Being a janitor for a hospital at the age of 17 isn’t all that glamorous.  Holding a mop is a scarlet letter for your station in life, but it doesn’t exactly color you red, it paints you invisible to all except your own kind, or those that have their own agendas as to why they choose to acknowledge you.  Typically, it’s because you are young, vibrant, strong, and offer banal and carnal promise to those whose’ eyes you turn.  There was a lot of that in hospitals back then, and even now while somewhat more constrained and harnessed, that frenetic undercurrent of primal tension is very much alive, and becomes the source of discordance, unbinding team unity for the most part whenever it rears its’ overeager and energetic head.  In other words, prime rib is prime rib regardless of where you work.

As I gathered my, broom, mop bucket, sprays, scents, and whatnot, I started pushing my janitors’ cart down the hall, in retrospect, had it not been for my lack of gristle and patchy beard, I’m sure I resembled a modern day homeless person, talking to, shoving, and guarding the clutter of all my worldly possessions in a rusty supermarket shopping cart.  My immediate mission was to go from nursing station to nursing station, on all four hospital floors, pick up their trash, and shove it down an old garbage/linen chute, and later go to the sub-basement and burn it all in a furnace room that looked like the gateway to hell.  It probably did have “Dante” written all over it, worse yet, the stuff going into that inferno was putrid, organic, and most likely misplaced parts, pieces, and excised pernicious humors of God knows what, from God knows whom?

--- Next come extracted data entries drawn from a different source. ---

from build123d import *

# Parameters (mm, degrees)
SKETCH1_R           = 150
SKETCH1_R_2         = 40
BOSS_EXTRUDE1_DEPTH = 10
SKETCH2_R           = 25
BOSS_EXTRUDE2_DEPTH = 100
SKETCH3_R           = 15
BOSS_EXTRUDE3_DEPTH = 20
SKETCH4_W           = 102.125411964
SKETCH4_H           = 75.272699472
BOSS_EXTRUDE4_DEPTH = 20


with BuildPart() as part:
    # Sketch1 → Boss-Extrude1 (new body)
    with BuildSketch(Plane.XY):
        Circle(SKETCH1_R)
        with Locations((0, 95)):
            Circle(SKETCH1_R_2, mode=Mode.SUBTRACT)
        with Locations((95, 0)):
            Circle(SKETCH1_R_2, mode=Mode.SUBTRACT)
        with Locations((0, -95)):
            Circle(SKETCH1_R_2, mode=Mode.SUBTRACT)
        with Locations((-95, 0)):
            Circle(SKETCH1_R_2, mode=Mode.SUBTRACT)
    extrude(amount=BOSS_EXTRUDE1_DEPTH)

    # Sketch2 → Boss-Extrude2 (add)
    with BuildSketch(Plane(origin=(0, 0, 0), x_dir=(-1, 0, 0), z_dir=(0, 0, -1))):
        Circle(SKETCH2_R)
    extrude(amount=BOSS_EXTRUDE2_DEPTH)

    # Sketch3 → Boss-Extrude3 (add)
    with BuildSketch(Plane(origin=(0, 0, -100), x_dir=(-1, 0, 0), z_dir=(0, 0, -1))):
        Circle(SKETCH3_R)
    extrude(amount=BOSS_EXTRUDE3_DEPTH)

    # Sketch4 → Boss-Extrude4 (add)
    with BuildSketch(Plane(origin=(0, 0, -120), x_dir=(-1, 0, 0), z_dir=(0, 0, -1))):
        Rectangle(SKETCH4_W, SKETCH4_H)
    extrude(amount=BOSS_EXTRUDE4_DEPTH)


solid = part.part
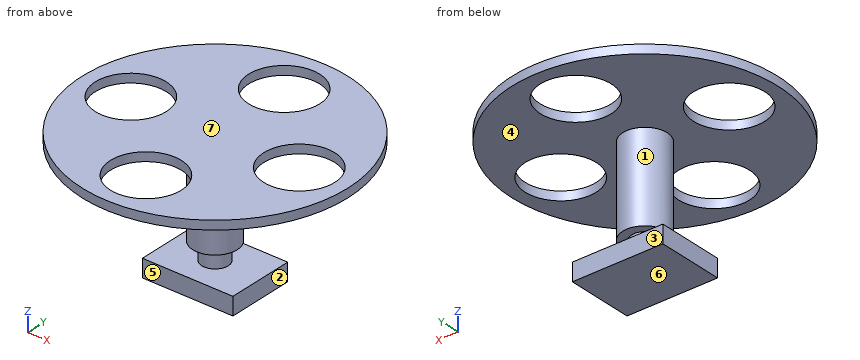
Could you check a few things on this model? Use its own coordinates, in mm. Face numbers are marked on the shaded views. A direction names the side the tool comes from. Give positions to 0.01 mm unless a question says otherwise; leave off trailing zeros. Order: outer loops, then holes, each group sorted by start corner. A loop starts at its lowest first (then second) coordinate and runs counter-clockwise, first axis right, second up. Notation, with made-up numbers: (18.5, 69) - (43.5, 69) arc R33 cw to (43.5, 106) - close; hole circle Ø4 at (79.25, 12.5). An arc over 180 degrees is marked (long way). Return JSON: item names as keys, results as strings. Group by question number.
Q1. Please list where these lines run through material, in increasing order: line 1 along Y through (x, z) = (0, 8); line 2 along Z through (x, y) = (14.5, -7.5); line 3 along X through (y, z) = (18.5, 4.5). Write a range as [from, to].
Q2. Which directions (+Z, -Z, +X, -X, +Y, -Y) give clear straight access to the entire face, cutting with the end or side of a thin tool? Please do the marked faces 1, 2 and 3.
Q3. Suppose I cut it at A-A, the plane x = 0. Please give me the cut outline in (y, z).
Q4. Will these pins go through, and if not, where does the flat tip stop? pin 1 Ø6 at (y, z) = (3.5, -130) entering from -X; pin 2 Ø10 at (x, z) = (22, -134) entering from +Y; pin 3 Ø6 at (x, y) = (71.5, 44.5) entering from -Z.
Q5. Suppose I cut it at B-B, the plane y = -95. Please give me the cut outline in (x, z).
Q6. Thinking about a two-plate mould opening in Z: for the marked faces 4, 5, 6 and 7, which applies, pulls with the +Z half, pulls with the -Z half, needs draft (parallel to the pull), parting line crosses it, or undercut?
Q7. Suppose I cut it at C-C, the plane x = -113.5. Please give me the cut outline in (y, z), and give its area (3 significant figures).
Q8. Suppose I cut it at D-D, the plane y = 31. Please give me the cut outline in (x, z), and give its area (3 significant figures).
Resolved:
{
 "1": {"line 1": "y = [-150, -135], [-55, 55], [135, 150]", "line 2": "z = [-140, -120], [-100, 10]", "line 3": "x = [-148.85, -130.46], [-59.54, 59.54], [130.46, 148.85]"},
 "2": {"face 1": "none", "face 2": "-Z, +X, +Y, -Y", "face 3": "-Z, +X, -X, +Y"},
 "3": {"outline": "(-150, 0) - (-135, 0) - (-135, 10) - (-150, 10) - close; (-55, 0) - (-25, 0) - (-25, -100) - (-15, -100) - (-15, -120) - (-37.64, -120) - (-37.64, -140) - (37.64, -140) - (37.64, -120) - (15, -120) - (15, -100) - (25, -100) - (25, 0) - (55, 0) - (55, 10) - (-55, 10) - close; (135, 0) - (150, 0) - (150, 10) - (135, 10) - close"},
 "4": {"pin 1": "stops at x = -51.06", "pin 2": "stops at y = 37.64", "pin 3": "stops at z = 0"},
 "5": {"outline": "(-116.08, 0) - (-40, 0) - (-40, 10) - (-116.08, 10) - close; (40, 0) - (116.08, 0) - (116.08, 10) - (40, 10) - close"},
 "6": {"face 4": "undercut", "face 5": "needs draft", "face 6": "pulls with the -Z half", "face 7": "pulls with the +Z half"},
 "7": {"outline": "(-98.07, 0) - (-35.46, 0) - (-35.46, 10) - (-98.07, 10) - close; (35.46, 0) - (98.07, 0) - (98.07, 10) - (35.46, 10) - close", "area": "1,250 mm2"},
 "8": {"outline": "(-146.76, 0) - (-120.28, 0) - (-120.28, 10) - (-146.76, 10) - close; (-69.72, 0) - (69.72, 0) - (69.72, 10) - (-69.72, 10) - close; (-51.06, -140) - (51.06, -140) - (51.06, -120) - (-51.06, -120) - close; (120.28, 0) - (146.76, 0) - (146.76, 10) - (120.28, 10) - close", "area": "3,970 mm2"}
}
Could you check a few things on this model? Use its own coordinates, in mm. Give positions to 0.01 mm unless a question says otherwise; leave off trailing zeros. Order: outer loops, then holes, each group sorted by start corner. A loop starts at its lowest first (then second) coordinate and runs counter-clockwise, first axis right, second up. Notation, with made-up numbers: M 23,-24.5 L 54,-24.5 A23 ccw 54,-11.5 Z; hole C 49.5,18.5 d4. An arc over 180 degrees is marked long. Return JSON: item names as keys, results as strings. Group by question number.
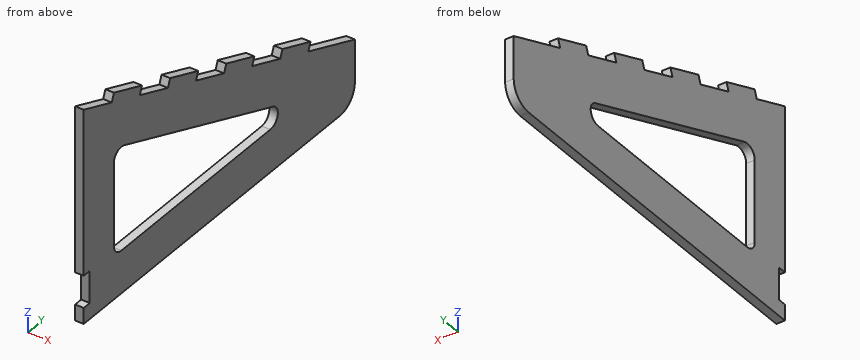
```python
from build123d import *

# Parameters (mm, degrees)
ESTRUSIONE_ESTRUSIONE1_DEPTH = 4
ESTRUSIONE_ESTRUSIONE2_DEPTH = 4
RACCORDO2_R                  = 10
RACCORDO3_R                  = 5


with BuildPart() as part:
    # Schizzo1 → Estrusione-Estrusione1 (new body)
    with BuildSketch(Plane(origin=(0, 0, 0), x_dir=(0, 0, -1), z_dir=(1, 0, 0))):
        Polygon((70, 180), (0, 0), (77.5, 0), (77.5, 4), (92.5, 4), (92.5, 0), (100, 0), (100, 180), align=None)
        Polygon((80, 150.533691669), (80, 20), (29.236897684, 20), align=None, mode=Mode.SUBTRACT)
    extrude(amount=ESTRUSIONE_ESTRUSIONE1_DEPTH)

    # Schizzo2 → Estrusione-Estrusione2 (add)
    with BuildSketch(Plane(origin=(4, 0, 0), x_dir=(0, 0, -1), z_dir=(1, 0, 0))):
        Polygon((7.248925223, 18.640093431), (3.520906537, 20.089878475), (10.76983176, 38.729971906), (14.497850446, 37.280186862), align=None)
        Polygon((28.995700892, 74.560373723), (21.746775669, 55.920280292), (18.018756983, 57.370065337), (25.267682206, 76.010158768), align=None)
        Polygon((43.493551339, 111.840560585), (36.244626115, 93.200467154), (32.516607429, 94.650252199), (39.765532652, 113.29034563), align=None)
        Polygon((57.991401785, 149.120747447), (50.742476562, 130.480654016), (47.014457876, 131.93043906), (54.263383099, 150.570532491), align=None)
    extrude(amount=-ESTRUSIONE_ESTRUSIONE2_DEPTH)

    # Raccordo2
    raccordo2_edges = [part.edges().sort_by_distance(p)[0] for p in [
        (2, 180, -100),
    ]]
    fillet(raccordo2_edges, radius=RACCORDO2_R)

    # Raccordo3
    raccordo3_edges = [part.edges().sort_by_distance(p)[0] for p in [
        (2, 20, -80),
        (2, 150.533691669, -80),
        (2, 20, -29.236897684),
    ]]
    fillet(raccordo3_edges, radius=RACCORDO3_R)


solid = part.part
```
1. Imagine slicing it at D-D, the plane z = -87.5. Please give me the cut outline in (x, y).
2. Imagine slicing it at A-A, the plane z = -61.5. Please give me the cut outline in (x, y).
3. For pin 1 (2 mm diameter, centred on x = 1, z = -85, fed in from -Y); pin 2 (2 mm diameter, centred on x = 2, y = 2, fed in from +Z), each with a flat end and sliding along its axis, tell me the tip position at first contact or that it passes through.
4. Imagine slicing it at C-C, the plane y = 85. Please give me the cut outline in (x, z).
5. I need wall thicknesses on L1, parallel to Y at x = 2.55, z = -74.5; L2, parallel to Z at x = 3.8, y = 54; L3, parallel to Z at x = 0.8, y = 114. Which ranges of each line are inside material? Lowest first, please. Write a range as from..to.
Values:
{
 "1": {"outline": "M 0,4 L 4,4 L 4,180 L 0,180 Z"},
 "2": {"outline": "M 0,0 L 4,0 L 4,20 L 0,20 Z; M 0,102.96 L 4,102.96 L 4,158.14 L 0,158.14 Z"},
 "3": {"pin 1": "stops at y = 4", "pin 2": "stops at z = -0.39"},
 "4": {"outline": "M 0,-100 L 4,-100 L 4,-80 L 0,-80 Z; M 0,-54.51 L 4,-54.51 L 4,-33.06 L 0,-33.06 Z"},
 "5": {"L1": "y = 0..20, 128.86..180", "L2": "z = -100..-80, -42.46..-21", "L3": "z = -100..-80, -65.79..-44.33"}
}

It was a dispassionate process for me.  I tried not to overthink it, a protective mechanism no doubt to avoid getting involved, emotionally or intellectually.  Either would have been counterproductive, potentially precluding me from being able to function in any sort of clinical capacity, and more importantly, wouldn’t have changed a thing.  Aside from recalling it for the purpose of this story, it was just part of the job, one that exists today albeit with a shinier job description and title, along with newer and more stringent rules and regulations.